→ **Instructions to follow**:
For every line below, restate it exactly and drop the images.

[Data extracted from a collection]
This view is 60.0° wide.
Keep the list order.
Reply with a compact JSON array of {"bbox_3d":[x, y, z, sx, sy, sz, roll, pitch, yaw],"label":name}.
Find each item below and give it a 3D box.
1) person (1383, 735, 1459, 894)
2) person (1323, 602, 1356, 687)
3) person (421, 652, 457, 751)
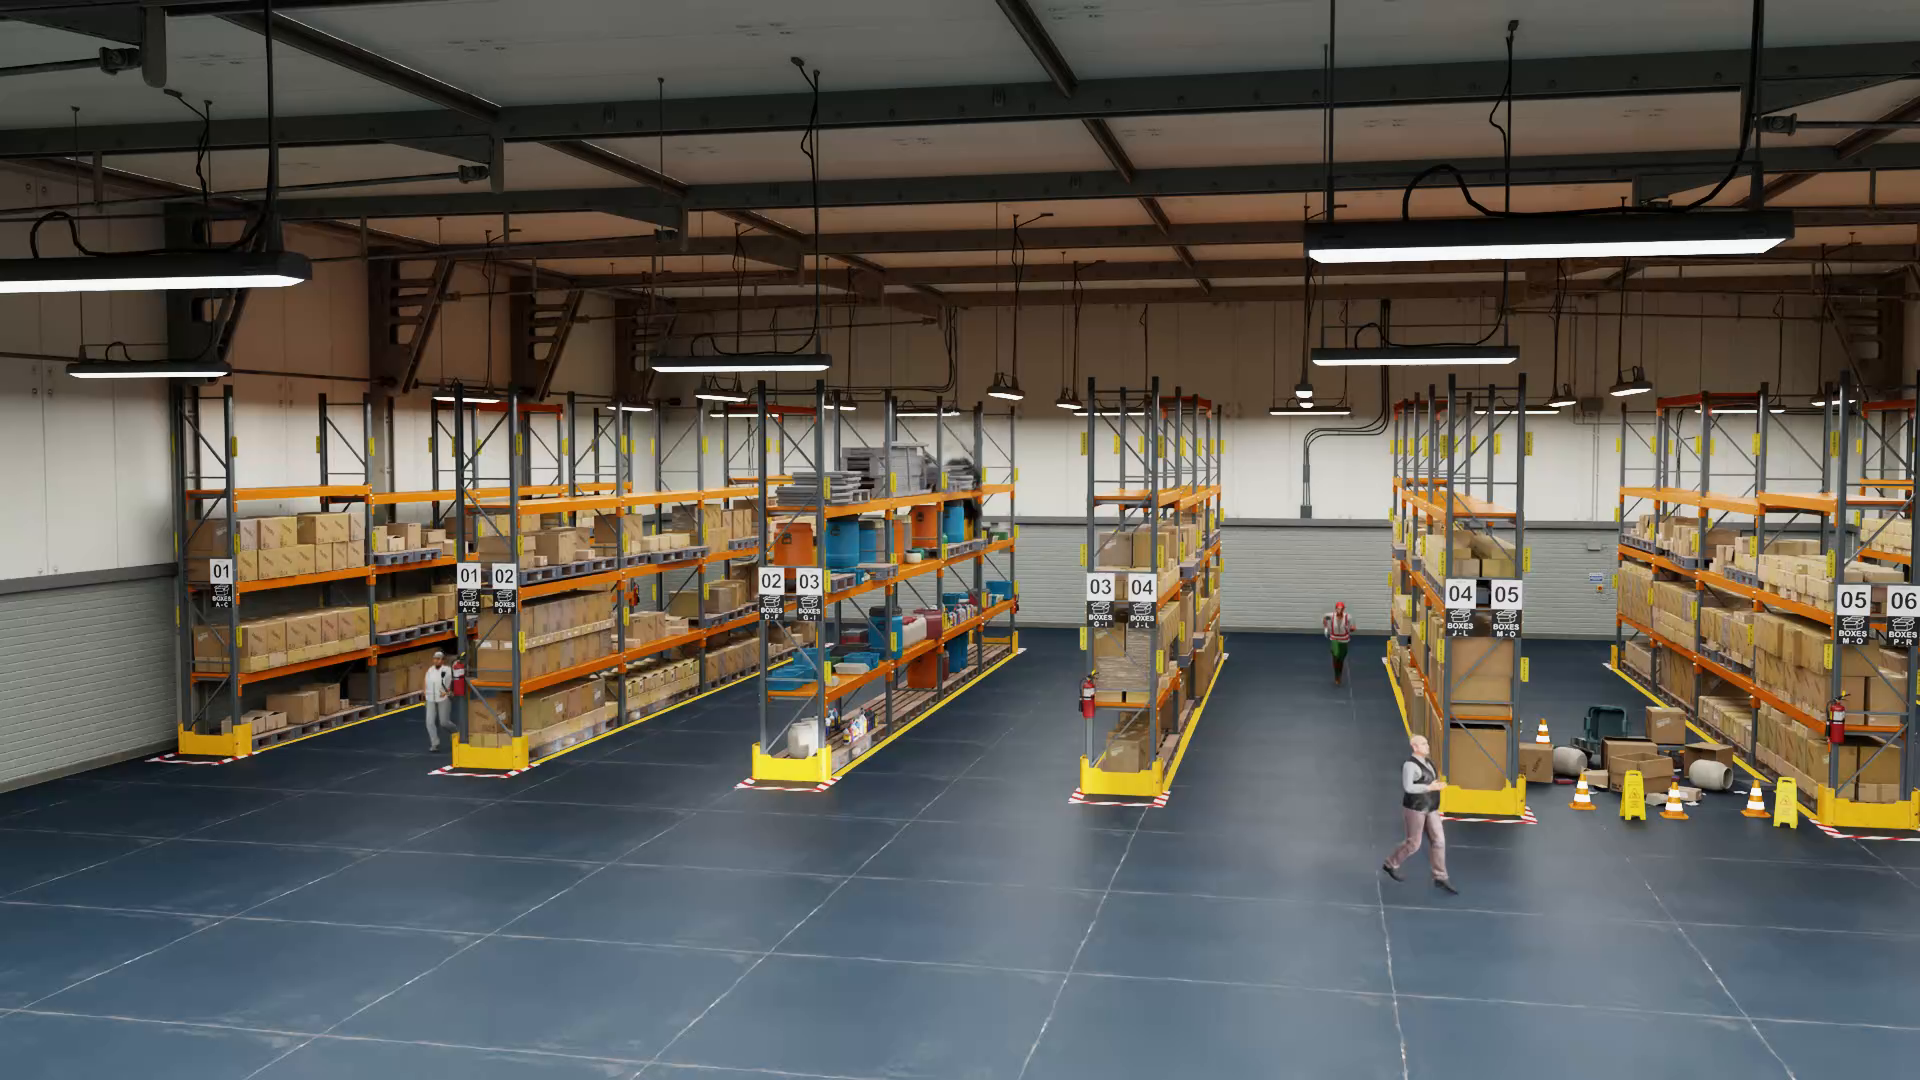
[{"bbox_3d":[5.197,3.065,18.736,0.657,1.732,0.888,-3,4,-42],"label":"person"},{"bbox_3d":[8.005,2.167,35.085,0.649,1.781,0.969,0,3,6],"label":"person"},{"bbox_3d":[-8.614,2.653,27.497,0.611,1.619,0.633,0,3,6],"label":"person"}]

→ **Task output**:
This view is 60.0° wide.
Keep the list order.
Reply with a compact JSON array of {"bbox_3d":[x, y, z, sx, sy, sz, roll, pitch, yaw],"label":name}.
Find each item below and give it a 3D box.
1) person (1383, 735, 1459, 894)
2) person (1323, 602, 1356, 687)
3) person (421, 652, 457, 751)
[{"bbox_3d":[5.197,3.065,18.736,0.657,1.732,0.888,-3,4,-42],"label":"person"},{"bbox_3d":[8.005,2.167,35.085,0.649,1.781,0.969,0,3,6],"label":"person"},{"bbox_3d":[-8.614,2.653,27.497,0.611,1.619,0.633,0,3,6],"label":"person"}]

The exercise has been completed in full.